Our family had had little to do with organized religion, although my father when young had gone often to a village in Lincolnshire named Willoughby. This was the same village from which Captain John Smith of the Virginia colony had come. There had been a young minister there named Wheelwright, considered a dissident, but my father had liked his ideas and enjoyed his preaching. My brother Yance, who had married a girl from the Massachusetts Bay colony, had told me Wheelwright had come over the ocean and was known there.

That night I began again the study of the stars. My father and Jeremy Ring, who both knew of navigation by the stars, had taught us much. Sakim had taught us more. How much Itchakomi knew I had no idea, but I was sure she had been instructed in such lore. To produce a sacred fire I must choose the right time and the right place.

We had much of which to talk, for Itchakomi was endlessly curious about the English way of life, and often I wished I had listened more when my parents had spoken of their lives before coming to America. It had all seemed so remote and so unimportant to our lives in the colonies.

The Pawnee were skillful hunters and often shared their kills with us. In the first days we fed them and they simply rested. One woman died of her wounds, and two of the warriors were long in recovering.

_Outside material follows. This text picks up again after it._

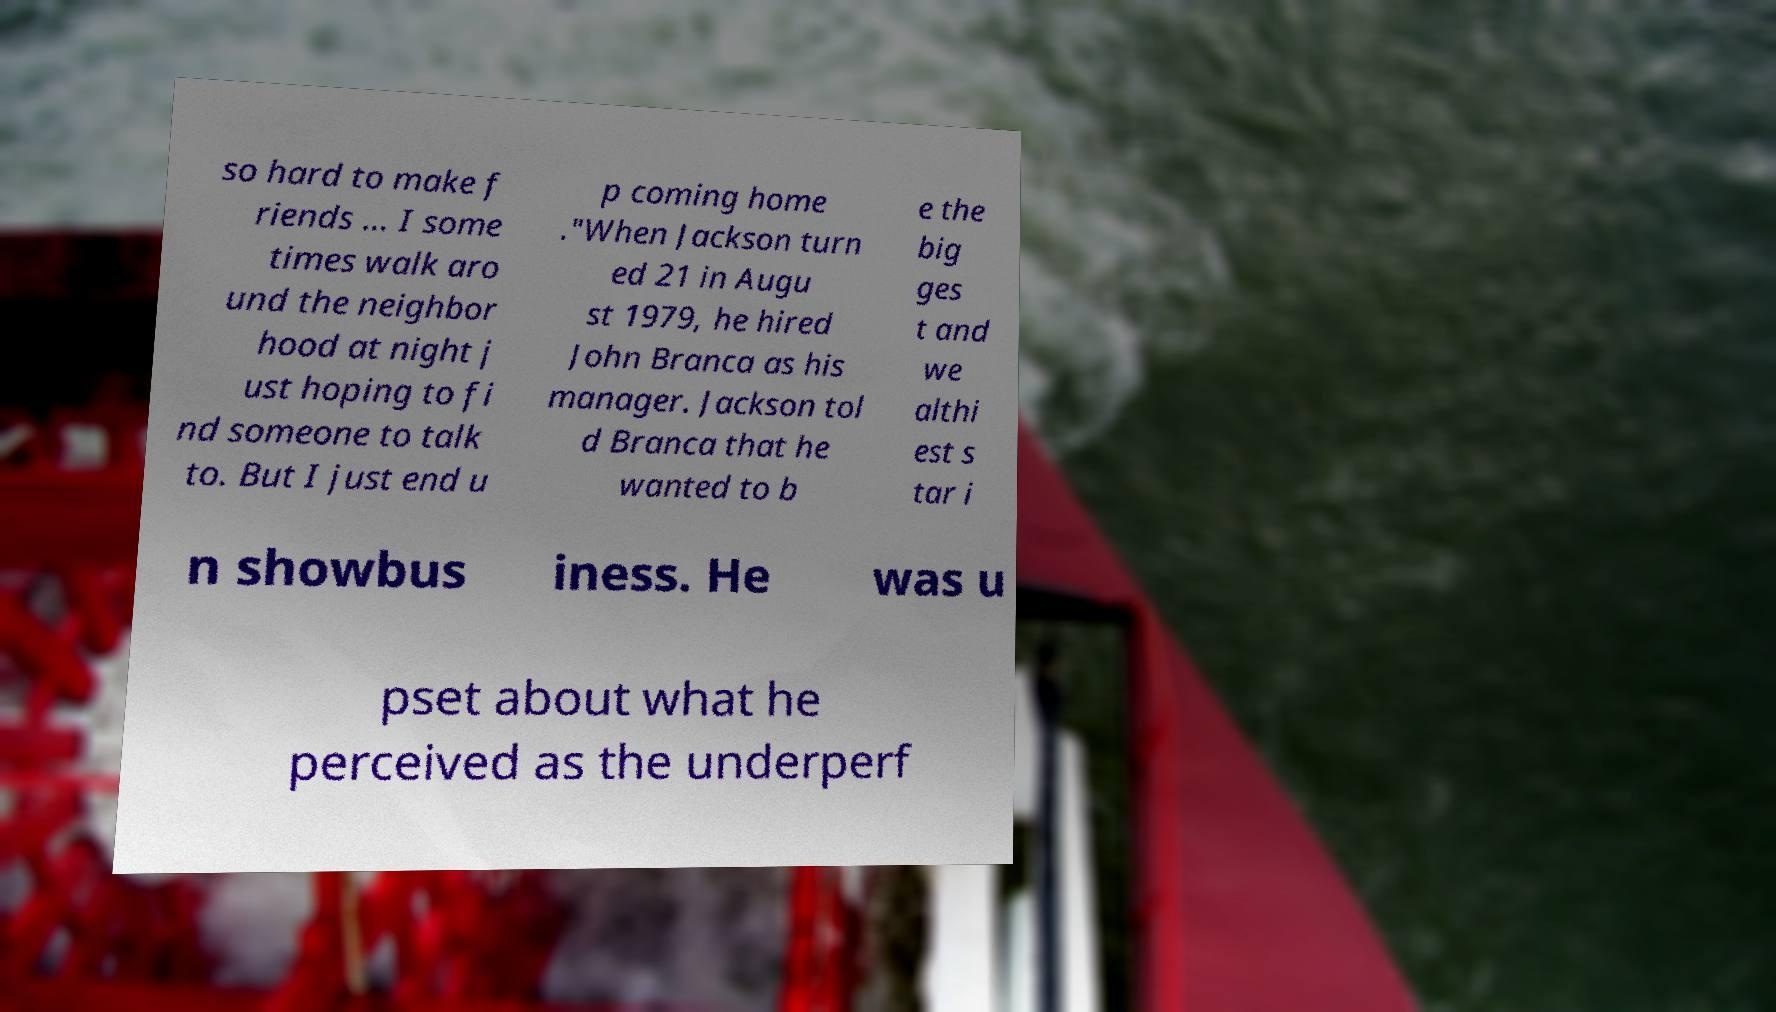Please read and relay the text visible in this image. What does it say? so hard to make f riends ... I some times walk aro und the neighbor hood at night j ust hoping to fi nd someone to talk to. But I just end u p coming home ."When Jackson turn ed 21 in Augu st 1979, he hired John Branca as his manager. Jackson tol d Branca that he wanted to b e the big ges t and we althi est s tar i n showbus iness. He was u pset about what he perceived as the underperf

It was an opportunity to learn their language and I did so, not enough to speak it well, yet enough to exchange information and for general talk. Their villages, they said, were along another river north of the Arkansas.

We gathered nuts, roots, and berries against the winter’s coming, and fuel, also. Always, at home or on the hunt, we were alert for enemies, but when they came it was not the Komantsi but the Spanish.